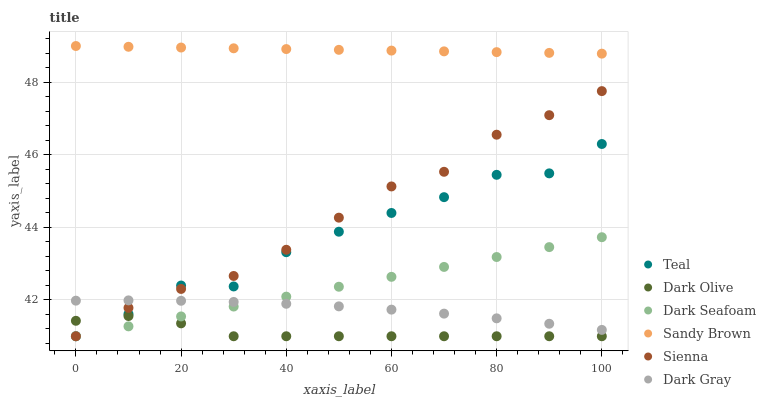Does Dark Olive have the minimum area under the curve?
Answer yes or no. Yes. Does Sandy Brown have the maximum area under the curve?
Answer yes or no. Yes. Does Sienna have the minimum area under the curve?
Answer yes or no. No. Does Sienna have the maximum area under the curve?
Answer yes or no. No. Is Sandy Brown the smoothest?
Answer yes or no. Yes. Is Teal the roughest?
Answer yes or no. Yes. Is Dark Olive the smoothest?
Answer yes or no. No. Is Dark Olive the roughest?
Answer yes or no. No. Does Dark Olive have the lowest value?
Answer yes or no. Yes. Does Sandy Brown have the lowest value?
Answer yes or no. No. Does Sandy Brown have the highest value?
Answer yes or no. Yes. Does Sienna have the highest value?
Answer yes or no. No. Is Sienna less than Sandy Brown?
Answer yes or no. Yes. Is Sandy Brown greater than Dark Gray?
Answer yes or no. Yes. Does Teal intersect Sienna?
Answer yes or no. Yes. Is Teal less than Sienna?
Answer yes or no. No. Is Teal greater than Sienna?
Answer yes or no. No. Does Sienna intersect Sandy Brown?
Answer yes or no. No.
========
Instructions for the task
Lines from the one containing "Answer yes or no. No. Does Sienna have" through the final line of the entries are the only ones to print, and each must match exactly.

Written solution
Answer yes or no. No. Does Sienna have the maximum area under the curve?
Answer yes or no. No. Is Sandy Brown the smoothest?
Answer yes or no. Yes. Is Teal the roughest?
Answer yes or no. Yes. Is Dark Olive the smoothest?
Answer yes or no. No. Is Dark Olive the roughest?
Answer yes or no. No. Does Dark Olive have the lowest value?
Answer yes or no. Yes. Does Sandy Brown have the lowest value?
Answer yes or no. No. Does Sandy Brown have the highest value?
Answer yes or no. Yes. Does Sienna have the highest value?
Answer yes or no. No. Is Sienna less than Sandy Brown?
Answer yes or no. Yes. Is Sandy Brown greater than Dark Gray?
Answer yes or no. Yes. Does Teal intersect Sienna?
Answer yes or no. Yes. Is Teal less than Sienna?
Answer yes or no. No. Is Teal greater than Sienna?
Answer yes or no. No. Does Sienna intersect Sandy Brown?
Answer yes or no. No.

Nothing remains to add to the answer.